About this exercise.
Word for word, give the records again, dropping any picture they hold.

Material provided.
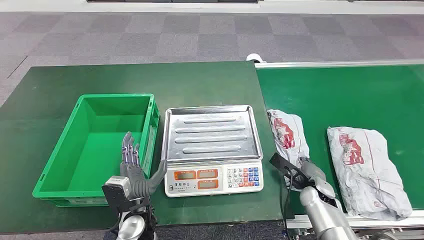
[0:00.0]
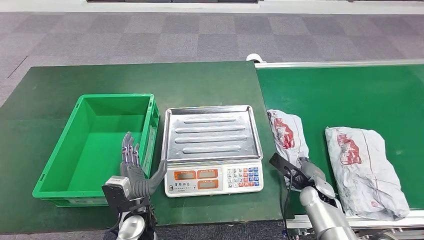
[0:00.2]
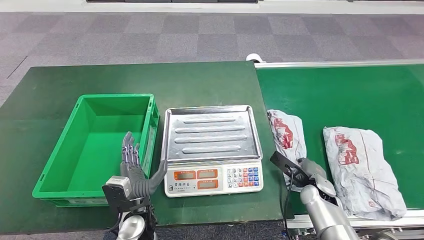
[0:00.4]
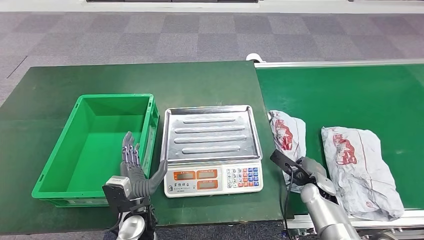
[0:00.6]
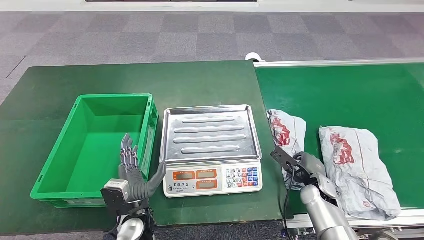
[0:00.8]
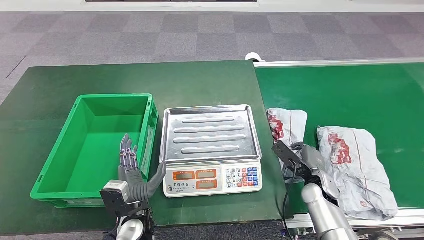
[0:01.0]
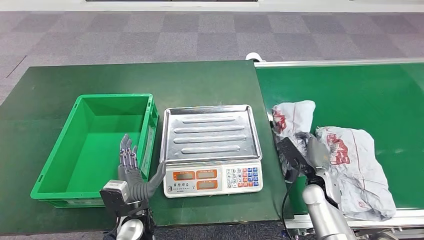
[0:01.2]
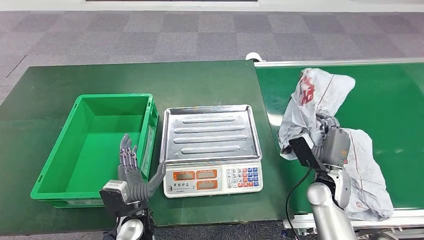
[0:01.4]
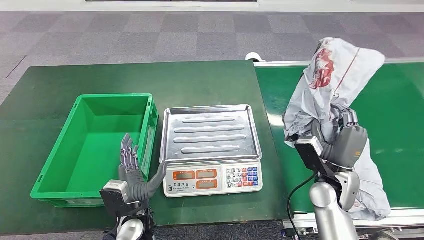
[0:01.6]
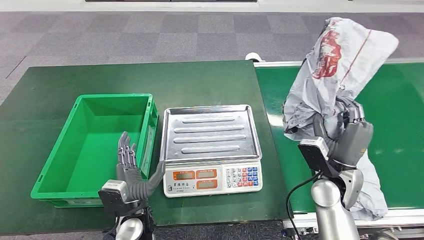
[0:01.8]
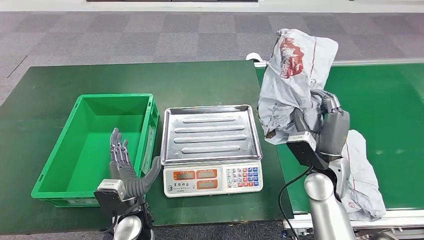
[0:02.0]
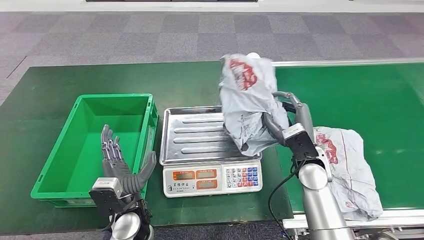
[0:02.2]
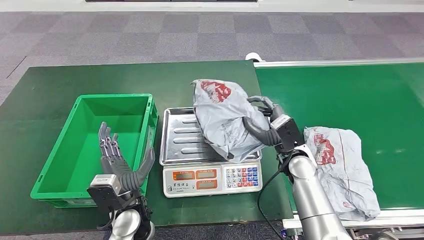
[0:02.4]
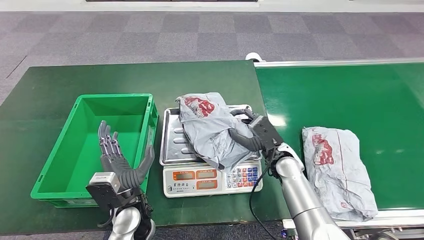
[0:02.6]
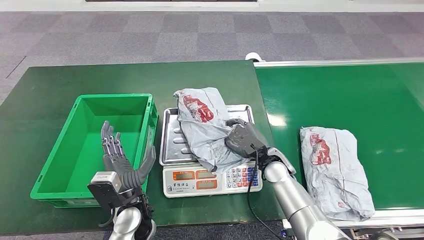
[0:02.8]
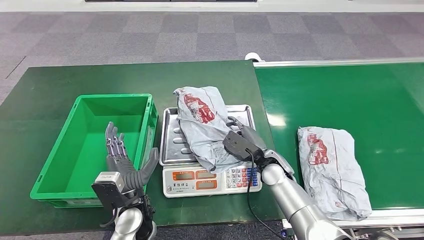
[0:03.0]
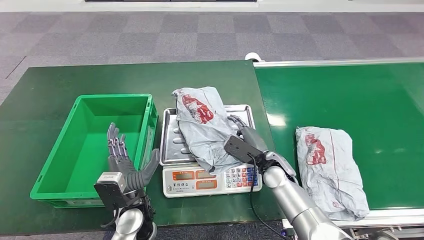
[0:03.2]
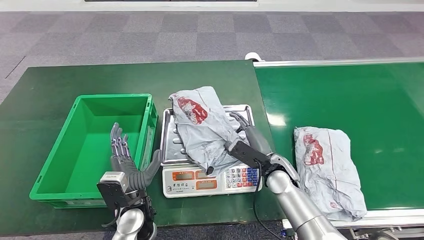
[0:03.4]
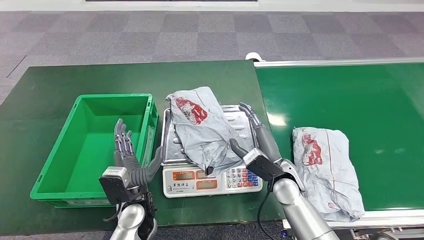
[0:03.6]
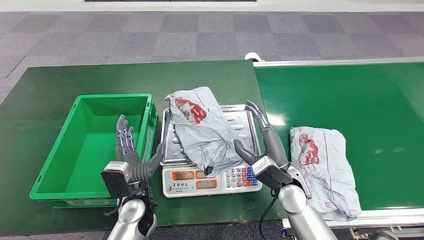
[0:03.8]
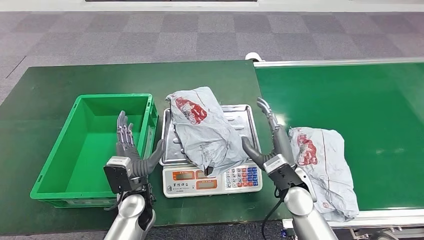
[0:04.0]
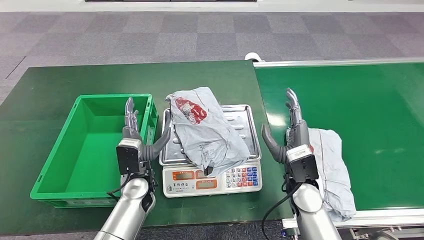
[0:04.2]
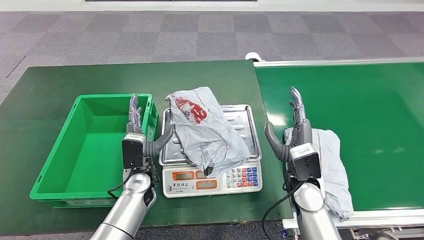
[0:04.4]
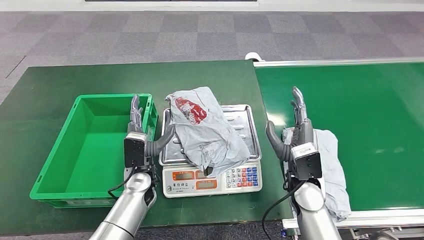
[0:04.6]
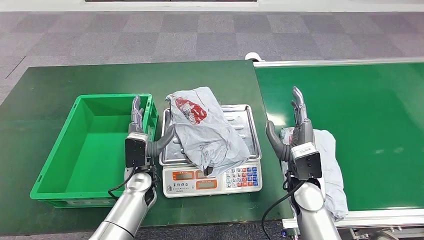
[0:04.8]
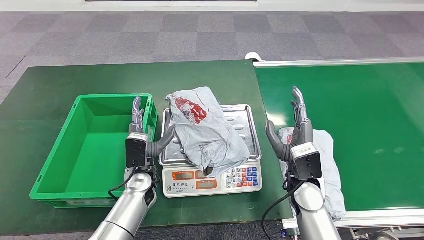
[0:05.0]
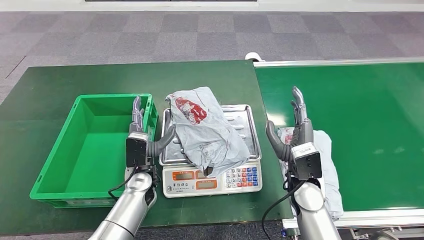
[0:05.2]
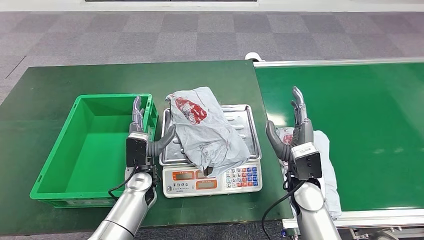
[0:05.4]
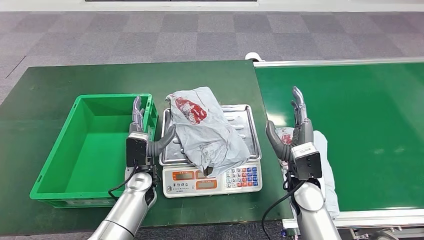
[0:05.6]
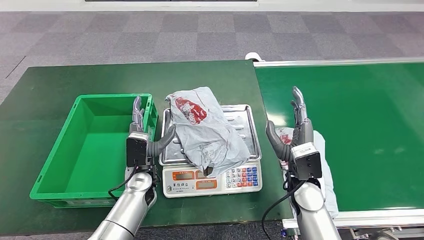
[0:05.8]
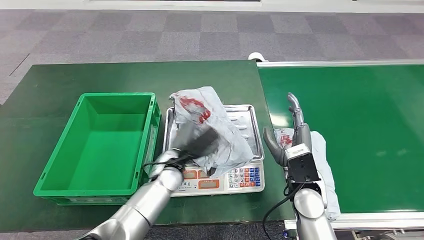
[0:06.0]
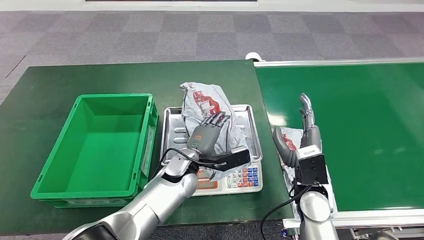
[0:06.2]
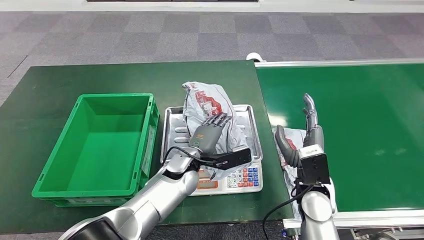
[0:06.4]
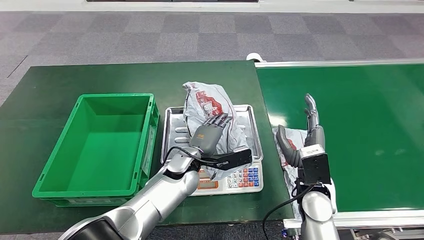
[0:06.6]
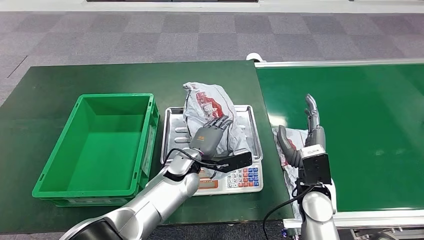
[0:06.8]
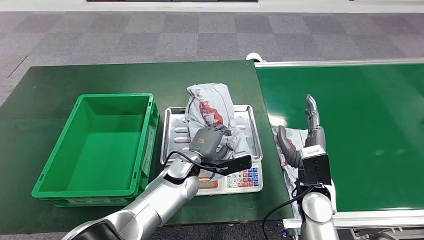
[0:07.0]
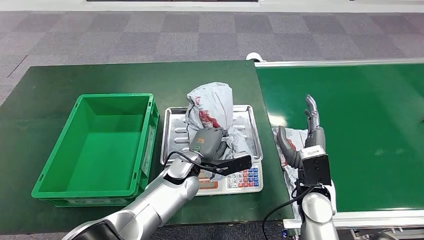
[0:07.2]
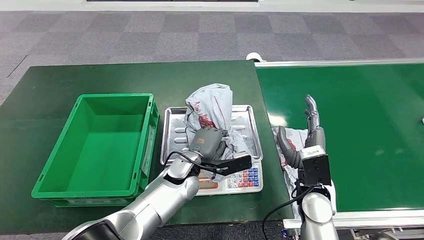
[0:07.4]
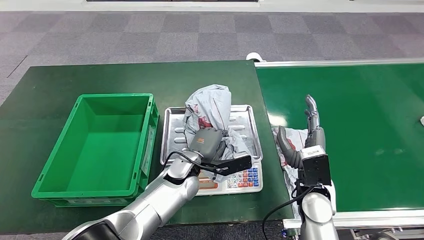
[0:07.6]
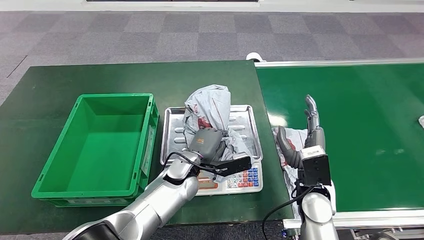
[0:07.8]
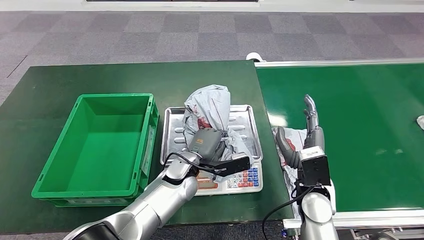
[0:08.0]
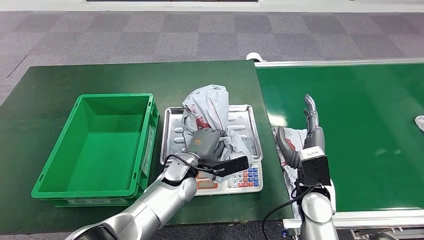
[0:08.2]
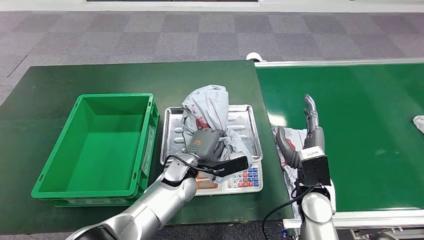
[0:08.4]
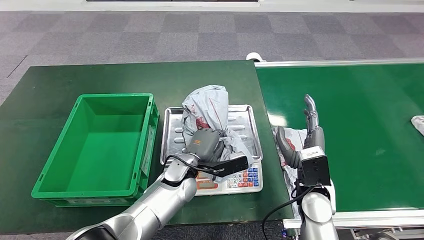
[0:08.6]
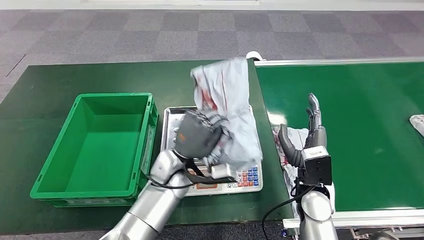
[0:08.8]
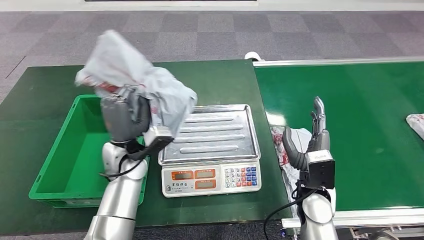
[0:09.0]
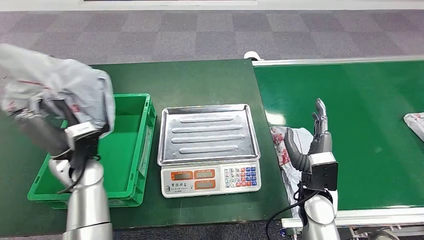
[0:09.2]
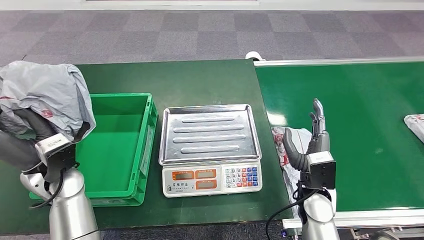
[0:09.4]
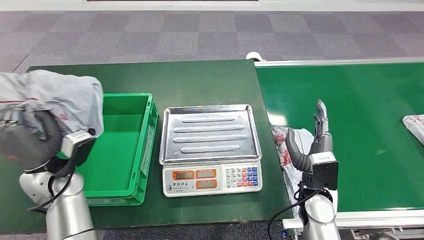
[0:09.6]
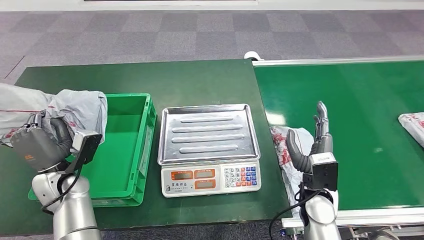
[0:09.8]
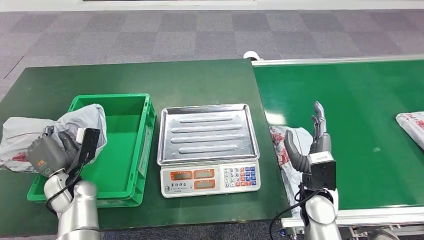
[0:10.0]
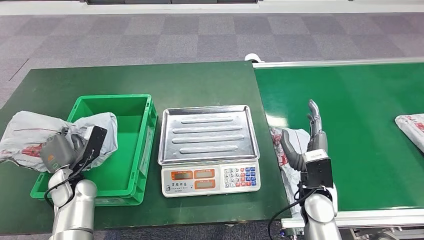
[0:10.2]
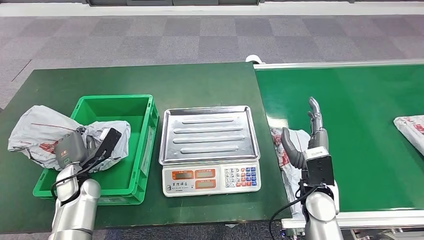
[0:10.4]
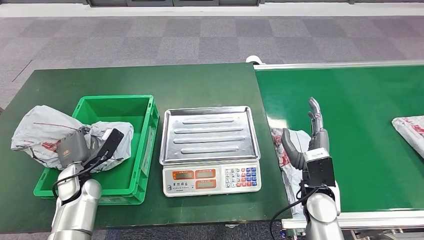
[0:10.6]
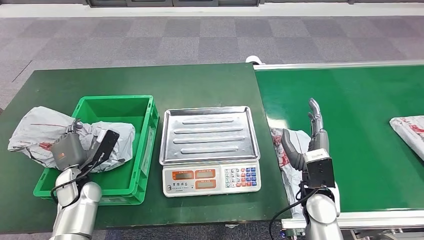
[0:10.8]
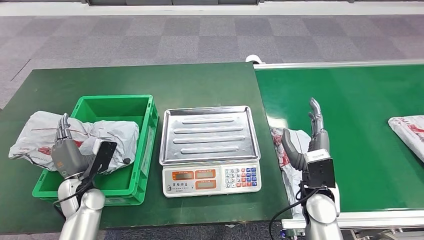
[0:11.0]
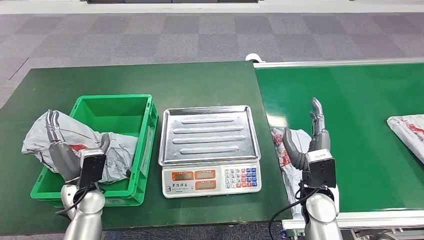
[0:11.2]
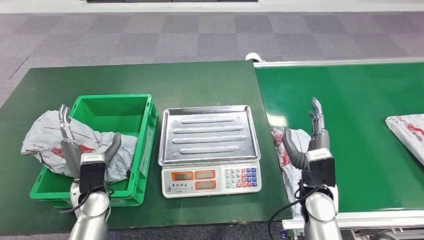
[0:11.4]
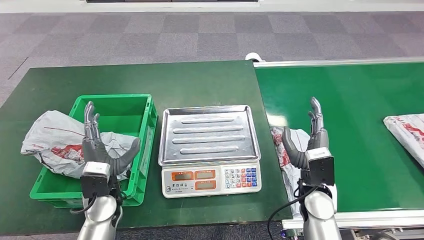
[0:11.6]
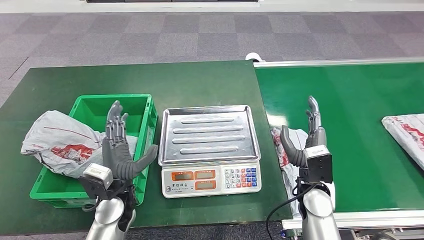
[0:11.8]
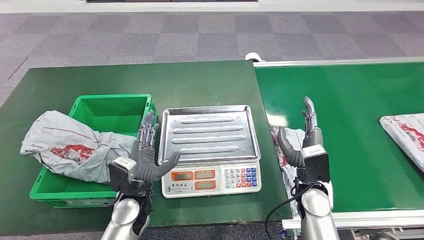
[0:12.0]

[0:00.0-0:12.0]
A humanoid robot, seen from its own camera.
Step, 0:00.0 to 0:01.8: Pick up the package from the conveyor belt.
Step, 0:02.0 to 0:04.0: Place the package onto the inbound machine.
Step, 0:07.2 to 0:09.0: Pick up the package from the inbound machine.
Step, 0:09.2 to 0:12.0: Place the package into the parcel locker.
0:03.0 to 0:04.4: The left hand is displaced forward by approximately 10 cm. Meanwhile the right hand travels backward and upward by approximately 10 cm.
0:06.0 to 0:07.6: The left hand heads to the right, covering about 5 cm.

Answer for this exercise.
[0:00.0]
[0:00.2]
[0:00.4]
[0:00.6]
[0:00.8]
[0:01.0]
[0:01.2]
[0:01.4]
[0:01.6]
[0:01.8]
[0:02.0]
[0:02.2]
[0:02.4]
[0:02.6]
[0:02.8]
[0:03.0]
[0:03.2]
[0:03.4]
[0:03.6]
[0:03.8]
[0:04.0]
[0:04.2]
[0:04.4]
[0:04.6]
[0:04.8]
[0:05.0]
[0:05.2]
[0:05.4]
[0:05.6]
[0:05.8]
[0:06.0]
[0:06.2]
[0:06.4]
[0:06.6]
[0:06.8]
[0:07.0]
[0:07.2]
[0:07.4]
[0:07.6]
[0:07.8]
[0:08.0]
[0:08.2]
[0:08.4]
[0:08.6]
[0:08.8]
[0:09.0]
[0:09.2]
[0:09.4]
[0:09.6]
[0:09.8]
[0:10.0]
[0:10.2]
[0:10.4]
[0:10.6]
[0:10.8]
[0:11.0]
[0:11.2]
[0:11.4]
[0:11.6]
[0:11.8]
[0:12.0]

[0:00.0-0:12.0]
A humanoid robot, seen from its own camera.
Step, 0:00.0 to 0:01.8: Pick up the package from the conveyor belt.
Step, 0:02.0 to 0:04.0: Place the package onto the inbound machine.
Step, 0:07.2 to 0:09.0: Pick up the package from the inbound machine.
Step, 0:09.2 to 0:12.0: Place the package into the parcel locker.
0:03.0 to 0:04.4: The left hand is displaced forward by approximately 10 cm. Meanwhile the right hand travels backward and upward by approximately 10 cm.
0:06.0 to 0:07.6: The left hand heads to the right, covering about 5 cm.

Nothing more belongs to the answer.